Which lines of the listing hold the string "high"? Show each of them.

━━━━━━━━━━

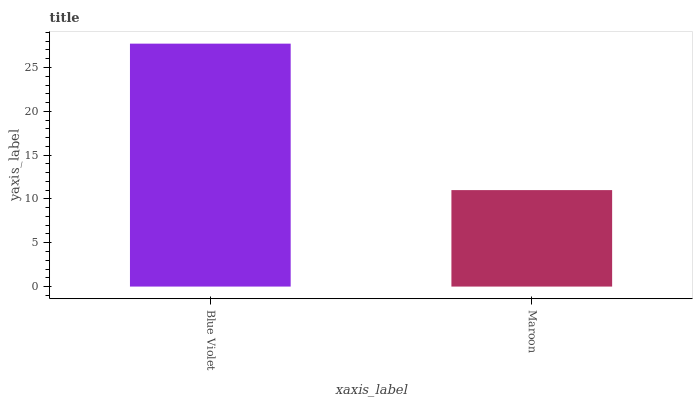Is Maroon the minimum?
Answer yes or no. Yes. Is Blue Violet the maximum?
Answer yes or no. Yes. Is Maroon the maximum?
Answer yes or no. No. Is Blue Violet greater than Maroon?
Answer yes or no. Yes. Is Maroon less than Blue Violet?
Answer yes or no. Yes. Is Maroon greater than Blue Violet?
Answer yes or no. No. Is Blue Violet less than Maroon?
Answer yes or no. No. Is Blue Violet the high median?
Answer yes or no. Yes. Is Maroon the low median?
Answer yes or no. Yes. Is Maroon the high median?
Answer yes or no. No. Is Blue Violet the low median?
Answer yes or no. No. 
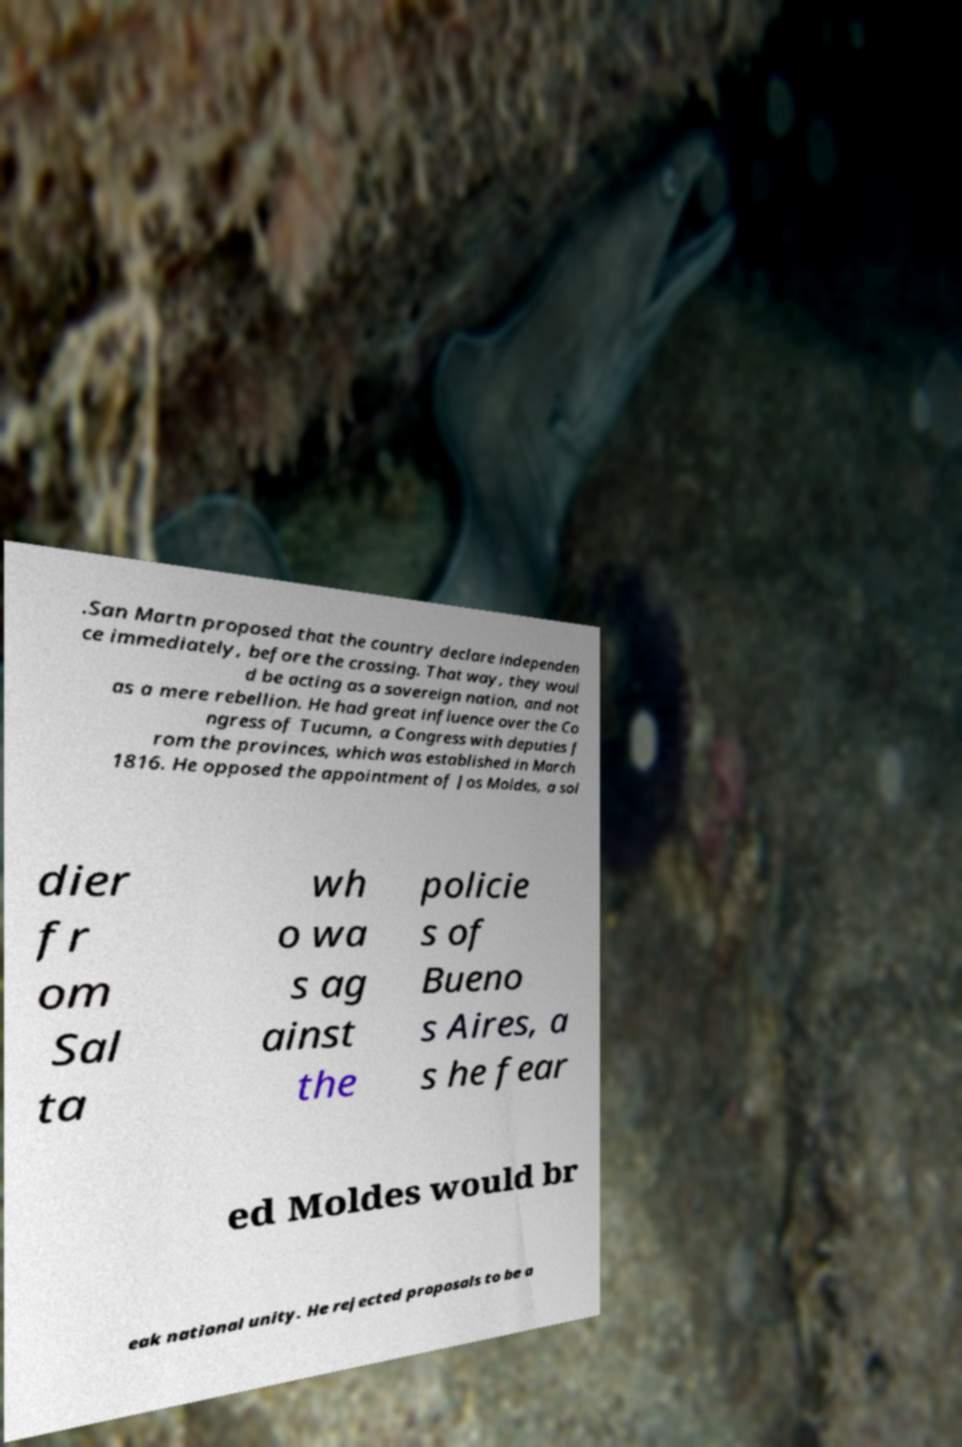I need the written content from this picture converted into text. Can you do that? .San Martn proposed that the country declare independen ce immediately, before the crossing. That way, they woul d be acting as a sovereign nation, and not as a mere rebellion. He had great influence over the Co ngress of Tucumn, a Congress with deputies f rom the provinces, which was established in March 1816. He opposed the appointment of Jos Moldes, a sol dier fr om Sal ta wh o wa s ag ainst the policie s of Bueno s Aires, a s he fear ed Moldes would br eak national unity. He rejected proposals to be a

━━━━━━━━━━

### Exercise answer
Answer yes or no. No. Is Blue Violet the high median?
Answer yes or no. Yes. Is Maroon the high median?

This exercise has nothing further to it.